**Records contained in a dataset:**
+-------+

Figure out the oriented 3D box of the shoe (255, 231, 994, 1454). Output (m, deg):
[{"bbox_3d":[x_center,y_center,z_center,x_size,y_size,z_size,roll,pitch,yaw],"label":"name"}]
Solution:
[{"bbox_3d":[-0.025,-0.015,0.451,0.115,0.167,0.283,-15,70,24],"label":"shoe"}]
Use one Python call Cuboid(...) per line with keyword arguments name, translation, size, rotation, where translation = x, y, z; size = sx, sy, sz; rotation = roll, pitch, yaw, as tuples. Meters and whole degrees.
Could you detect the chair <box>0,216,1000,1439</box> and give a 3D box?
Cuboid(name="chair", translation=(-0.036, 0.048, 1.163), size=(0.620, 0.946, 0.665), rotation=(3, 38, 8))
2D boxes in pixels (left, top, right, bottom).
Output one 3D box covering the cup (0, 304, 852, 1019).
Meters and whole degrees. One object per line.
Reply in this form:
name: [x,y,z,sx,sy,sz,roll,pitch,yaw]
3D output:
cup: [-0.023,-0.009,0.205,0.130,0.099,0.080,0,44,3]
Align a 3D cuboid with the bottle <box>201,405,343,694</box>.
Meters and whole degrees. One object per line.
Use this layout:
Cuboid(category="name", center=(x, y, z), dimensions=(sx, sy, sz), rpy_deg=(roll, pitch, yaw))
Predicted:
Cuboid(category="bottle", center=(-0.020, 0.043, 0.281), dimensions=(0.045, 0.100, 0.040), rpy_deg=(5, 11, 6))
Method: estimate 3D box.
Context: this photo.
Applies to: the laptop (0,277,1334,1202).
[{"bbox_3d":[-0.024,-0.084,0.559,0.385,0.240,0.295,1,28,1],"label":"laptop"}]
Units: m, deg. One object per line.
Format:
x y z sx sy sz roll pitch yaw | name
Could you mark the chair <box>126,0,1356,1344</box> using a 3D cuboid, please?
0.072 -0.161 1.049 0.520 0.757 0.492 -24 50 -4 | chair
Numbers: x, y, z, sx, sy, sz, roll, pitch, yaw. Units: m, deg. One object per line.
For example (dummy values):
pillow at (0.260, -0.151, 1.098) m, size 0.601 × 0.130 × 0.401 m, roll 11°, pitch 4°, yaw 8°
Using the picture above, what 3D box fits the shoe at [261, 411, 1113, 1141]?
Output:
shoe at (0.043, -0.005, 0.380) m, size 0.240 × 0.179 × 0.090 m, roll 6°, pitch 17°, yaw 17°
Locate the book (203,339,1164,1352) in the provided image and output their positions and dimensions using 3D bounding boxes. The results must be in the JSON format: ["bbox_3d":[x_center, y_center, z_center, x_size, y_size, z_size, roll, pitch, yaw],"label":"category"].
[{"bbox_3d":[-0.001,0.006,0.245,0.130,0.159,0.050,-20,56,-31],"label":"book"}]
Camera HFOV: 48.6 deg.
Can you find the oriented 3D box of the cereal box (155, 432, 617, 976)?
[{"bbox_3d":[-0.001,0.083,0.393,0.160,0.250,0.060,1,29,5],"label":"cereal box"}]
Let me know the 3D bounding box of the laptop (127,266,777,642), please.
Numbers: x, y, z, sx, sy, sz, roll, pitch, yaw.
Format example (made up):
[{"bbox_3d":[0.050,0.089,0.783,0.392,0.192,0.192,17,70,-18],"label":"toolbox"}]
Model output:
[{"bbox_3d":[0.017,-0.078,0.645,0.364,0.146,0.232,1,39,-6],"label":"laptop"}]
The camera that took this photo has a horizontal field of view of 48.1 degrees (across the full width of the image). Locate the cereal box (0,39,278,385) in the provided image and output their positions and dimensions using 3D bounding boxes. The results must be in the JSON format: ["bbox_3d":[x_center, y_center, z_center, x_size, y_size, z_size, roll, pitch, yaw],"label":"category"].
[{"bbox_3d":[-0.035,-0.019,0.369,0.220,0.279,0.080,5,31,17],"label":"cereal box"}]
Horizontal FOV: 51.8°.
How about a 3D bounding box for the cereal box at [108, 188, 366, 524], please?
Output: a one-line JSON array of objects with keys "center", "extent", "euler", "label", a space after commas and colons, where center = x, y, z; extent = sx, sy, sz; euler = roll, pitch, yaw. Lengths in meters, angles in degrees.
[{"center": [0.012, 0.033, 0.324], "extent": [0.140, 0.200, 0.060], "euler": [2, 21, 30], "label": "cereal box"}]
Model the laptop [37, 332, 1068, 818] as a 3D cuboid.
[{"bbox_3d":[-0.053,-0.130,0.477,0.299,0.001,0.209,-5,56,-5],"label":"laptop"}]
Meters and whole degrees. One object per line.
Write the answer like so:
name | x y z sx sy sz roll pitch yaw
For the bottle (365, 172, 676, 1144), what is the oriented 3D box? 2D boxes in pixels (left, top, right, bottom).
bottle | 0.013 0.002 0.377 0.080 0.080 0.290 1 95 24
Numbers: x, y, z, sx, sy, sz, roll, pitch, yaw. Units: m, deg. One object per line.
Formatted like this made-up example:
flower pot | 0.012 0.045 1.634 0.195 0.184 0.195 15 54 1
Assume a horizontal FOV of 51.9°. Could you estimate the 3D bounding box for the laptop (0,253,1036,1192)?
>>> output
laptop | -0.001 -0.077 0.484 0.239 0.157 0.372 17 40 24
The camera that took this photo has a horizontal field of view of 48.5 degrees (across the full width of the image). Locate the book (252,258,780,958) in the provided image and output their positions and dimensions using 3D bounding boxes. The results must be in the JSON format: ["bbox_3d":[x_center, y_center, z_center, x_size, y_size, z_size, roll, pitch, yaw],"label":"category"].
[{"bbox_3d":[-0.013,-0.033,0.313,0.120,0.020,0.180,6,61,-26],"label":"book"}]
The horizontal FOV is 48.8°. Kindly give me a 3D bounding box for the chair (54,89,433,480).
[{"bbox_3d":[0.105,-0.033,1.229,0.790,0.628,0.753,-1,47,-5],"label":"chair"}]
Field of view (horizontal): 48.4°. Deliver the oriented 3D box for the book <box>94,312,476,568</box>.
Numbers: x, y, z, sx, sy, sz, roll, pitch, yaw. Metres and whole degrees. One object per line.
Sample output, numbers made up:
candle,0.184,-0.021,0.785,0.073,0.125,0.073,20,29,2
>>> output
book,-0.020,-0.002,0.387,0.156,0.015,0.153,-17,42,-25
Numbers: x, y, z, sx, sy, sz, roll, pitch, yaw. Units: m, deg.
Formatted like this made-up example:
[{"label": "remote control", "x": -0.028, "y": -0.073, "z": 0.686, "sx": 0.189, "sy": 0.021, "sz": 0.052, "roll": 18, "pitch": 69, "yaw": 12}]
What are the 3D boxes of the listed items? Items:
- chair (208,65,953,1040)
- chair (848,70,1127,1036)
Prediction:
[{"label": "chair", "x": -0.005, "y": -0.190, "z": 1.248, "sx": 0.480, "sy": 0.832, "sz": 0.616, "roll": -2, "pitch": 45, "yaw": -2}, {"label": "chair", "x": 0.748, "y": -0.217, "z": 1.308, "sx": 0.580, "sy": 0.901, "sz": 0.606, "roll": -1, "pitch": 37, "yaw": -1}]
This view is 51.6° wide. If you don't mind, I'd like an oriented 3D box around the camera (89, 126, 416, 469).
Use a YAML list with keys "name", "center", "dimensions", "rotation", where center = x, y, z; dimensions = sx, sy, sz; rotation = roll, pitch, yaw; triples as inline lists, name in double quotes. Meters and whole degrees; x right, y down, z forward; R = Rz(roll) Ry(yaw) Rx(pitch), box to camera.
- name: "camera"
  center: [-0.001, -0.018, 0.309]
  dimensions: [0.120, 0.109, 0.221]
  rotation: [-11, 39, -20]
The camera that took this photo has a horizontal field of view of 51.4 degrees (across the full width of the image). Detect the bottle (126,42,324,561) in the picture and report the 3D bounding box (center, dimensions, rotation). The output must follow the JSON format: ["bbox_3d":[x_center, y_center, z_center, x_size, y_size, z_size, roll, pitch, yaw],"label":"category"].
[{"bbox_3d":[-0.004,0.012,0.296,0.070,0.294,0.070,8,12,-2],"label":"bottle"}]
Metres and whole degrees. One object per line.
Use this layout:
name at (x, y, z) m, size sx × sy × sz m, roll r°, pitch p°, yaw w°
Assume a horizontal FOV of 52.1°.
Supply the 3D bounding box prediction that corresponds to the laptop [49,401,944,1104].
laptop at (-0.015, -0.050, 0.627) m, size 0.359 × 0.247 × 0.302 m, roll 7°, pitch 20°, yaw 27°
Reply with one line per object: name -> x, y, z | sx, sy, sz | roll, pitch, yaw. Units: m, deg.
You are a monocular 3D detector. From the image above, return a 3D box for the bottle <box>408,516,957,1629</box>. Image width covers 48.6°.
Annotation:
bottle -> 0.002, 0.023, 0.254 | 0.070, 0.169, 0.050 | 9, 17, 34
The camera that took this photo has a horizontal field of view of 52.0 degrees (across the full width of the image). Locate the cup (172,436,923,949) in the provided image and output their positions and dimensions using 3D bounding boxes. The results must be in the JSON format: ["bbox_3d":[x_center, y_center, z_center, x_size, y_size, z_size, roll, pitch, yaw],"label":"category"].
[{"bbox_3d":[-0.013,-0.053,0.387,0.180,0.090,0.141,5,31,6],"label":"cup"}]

+-------+

**YOUR ASSIGNMENT:** Tell how many lines in the records above carry the word "Metres". Only the number should appear in the reply.

**RESPONSE BOX:** 2